AI has broken the assumption that vulnerability discovery and vulnerability disclosure move at similar speeds: 25 verified findings a day against 1.5 fixes, 95% without advisories, and scanners reporting on a database months behind reality. Swiss organisations under CRA, ISA, or FINMA expectations should stop treating advisory feeds as ground truth and build SBOM-driven upstream monitoring that operates at discovery cadence.

  • Maintain a real SBOM, not a point-in-time export. A continuously updated software bill of materials per application is the prerequisite for every other control here — and for CRA conformity and credible ISA reporting.
  • Monitor upstream, not just advisories. For your most critical dependencies, track the project's repository, issue tracker, and security mailing list directly; treat a fix commit without an advisory as actionable intelligence.
  • Layer discovery-cadence feeds over your scanner. Complement CVE/GHSA-based scanning with sources that surface pre-advisory findings, and measure your scanner vendor on ingestion latency, not just coverage.
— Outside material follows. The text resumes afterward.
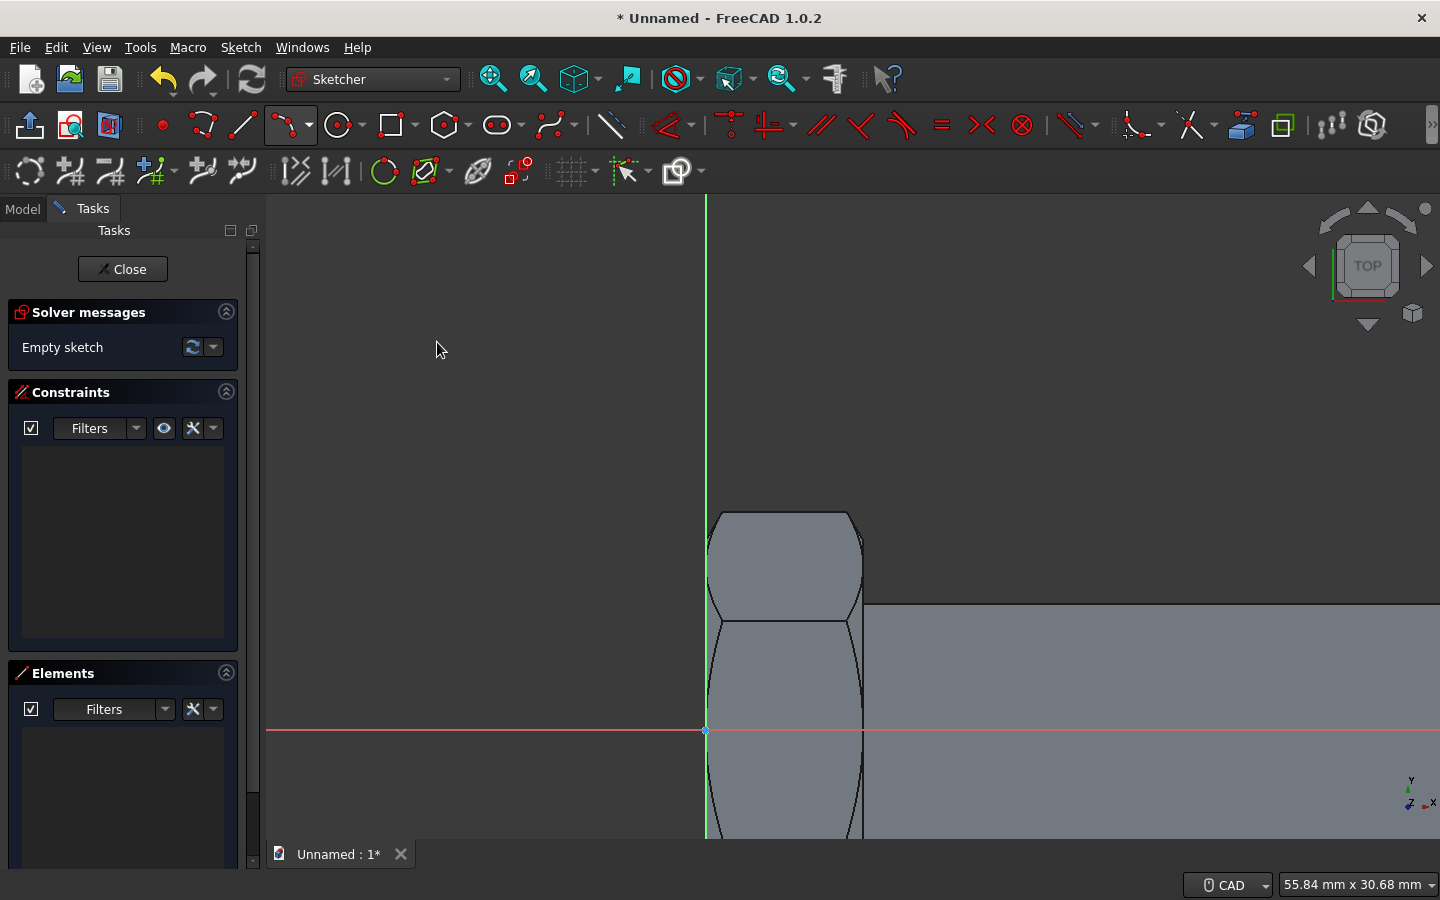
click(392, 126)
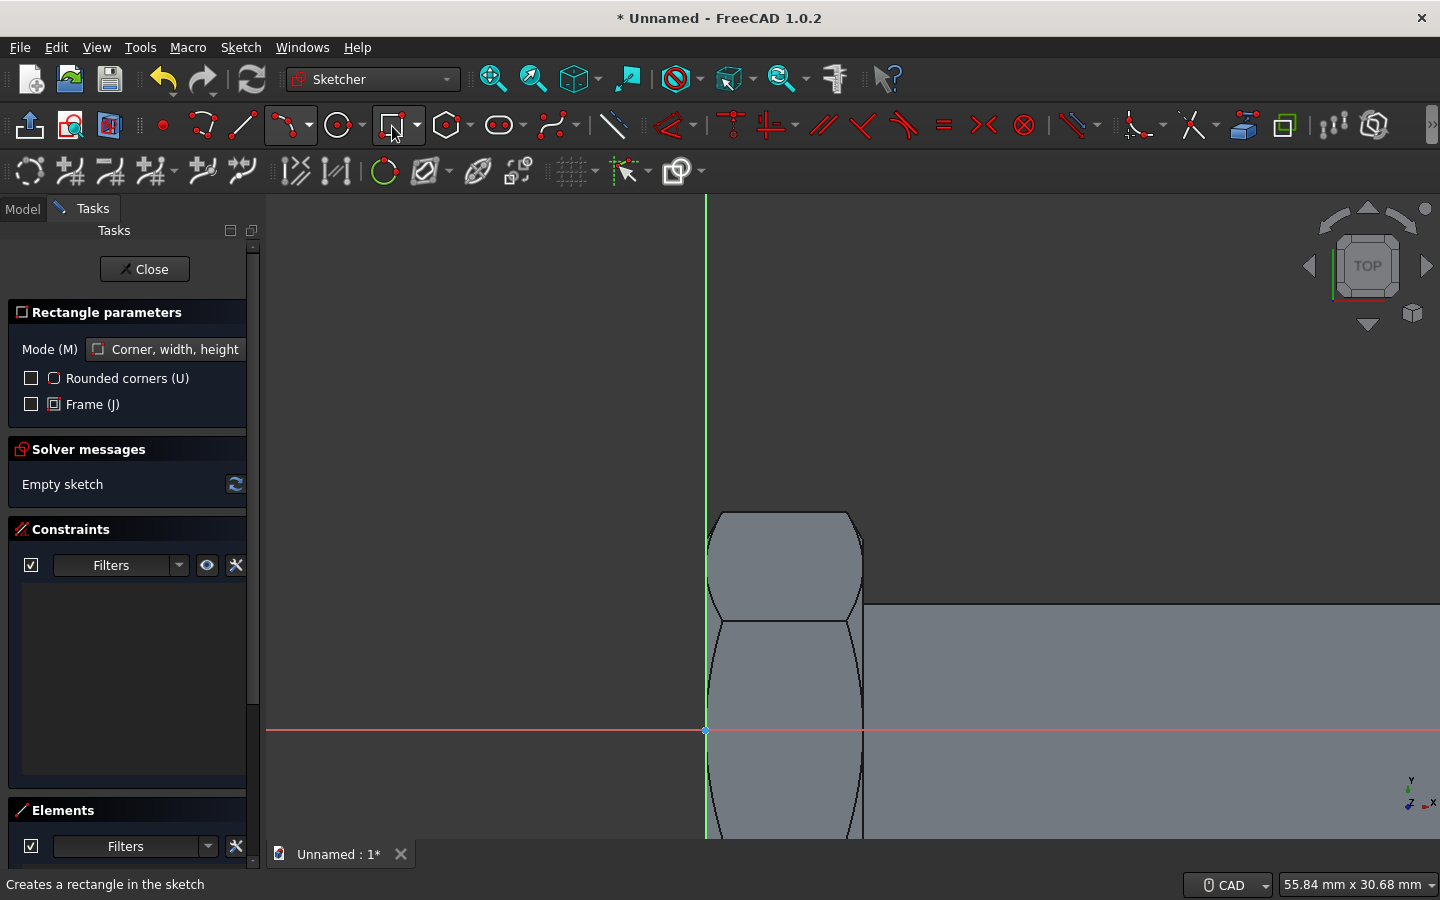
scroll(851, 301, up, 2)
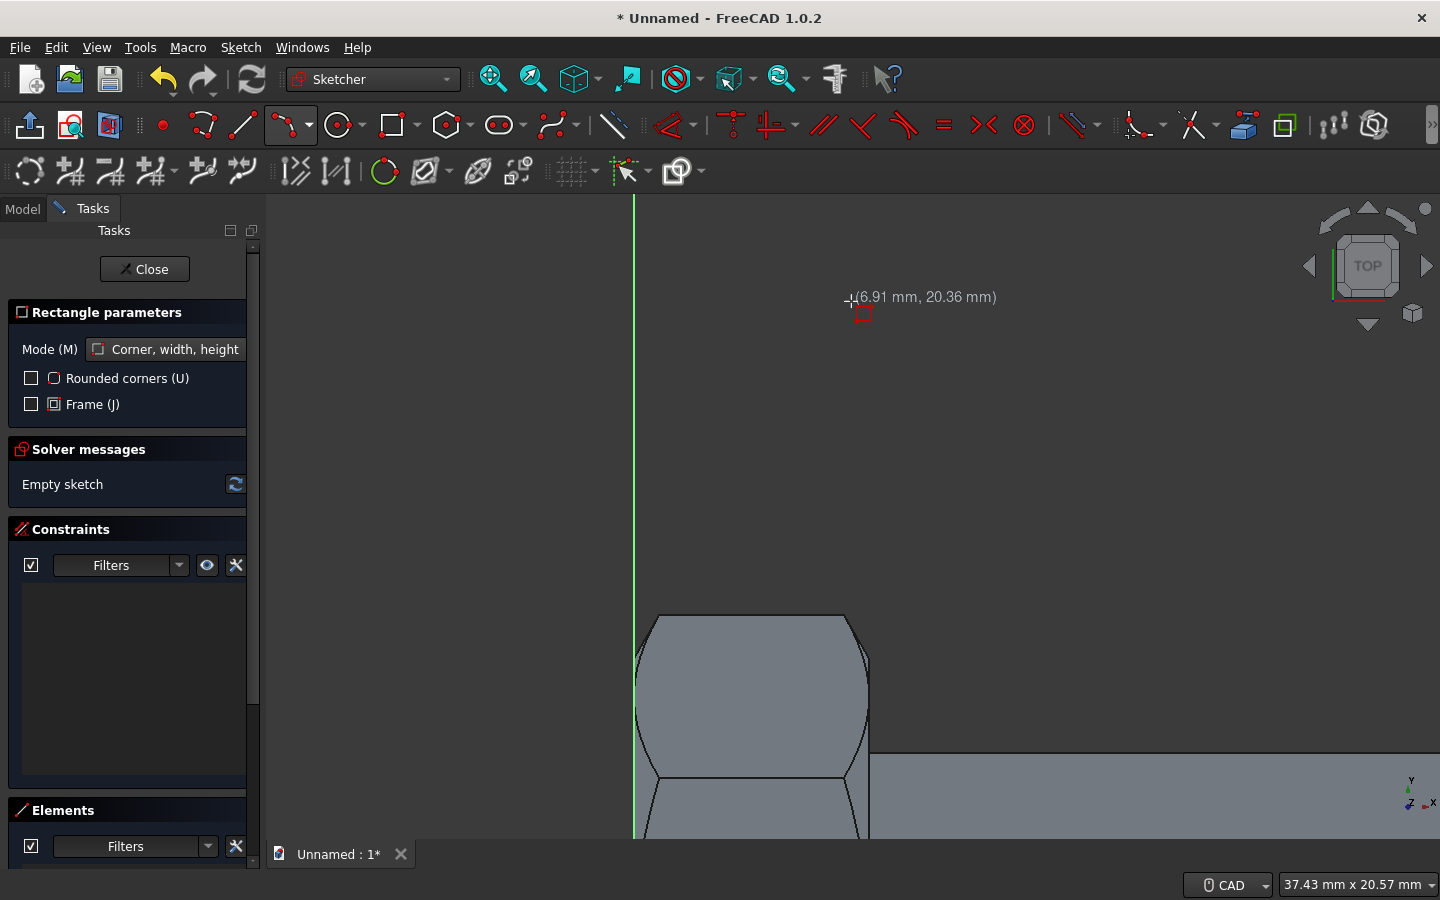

  • Prioritise by exposure, not only by CVSS. With a months-wide advisory lag, reachability analysis (is the vulnerable path actually invoked?) and internet exposure decide what matters among findings that arrive faster than you can patch.
  • Pre-plan compensating controls for the unpatchable window. WAF rules, feature flags, egress restriction, and segmentation buy time when the upstream fix is one of the 94% not yet written.
  • Fund the maintainers you depend on. Sponsorship or contributed engineering time on your critical dependencies is now risk reduction with a measurable return — the 1.5 patches a day is a resourcing number, not a talent number.
  • Put SBOM and patch-latency clauses in procurement. Require vendors to disclose open-source composition and commit to remediation timelines for components in their products; the deficit ratio is their problem too.

The trajectory is one-directional: discovery tooling gets cheaper and faster every quarter, and nothing in the volunteer-maintained middle of the pipeline scales with it. Advisory databases will add automation, foundations will fund triage, and AI will eventually assist patching as effectively as it assists discovery — but none of that arrives before the gap widens further. Swiss organisations that rebuild their vulnerability management around upstream visibility, reachability-based prioritisation, and compensating controls will treat the deficit as weather: unpleasant, measurable, survivable. Those that keep equating "scanner is green" with "we are fine" have adopted a definition of fine that is now three to five months old.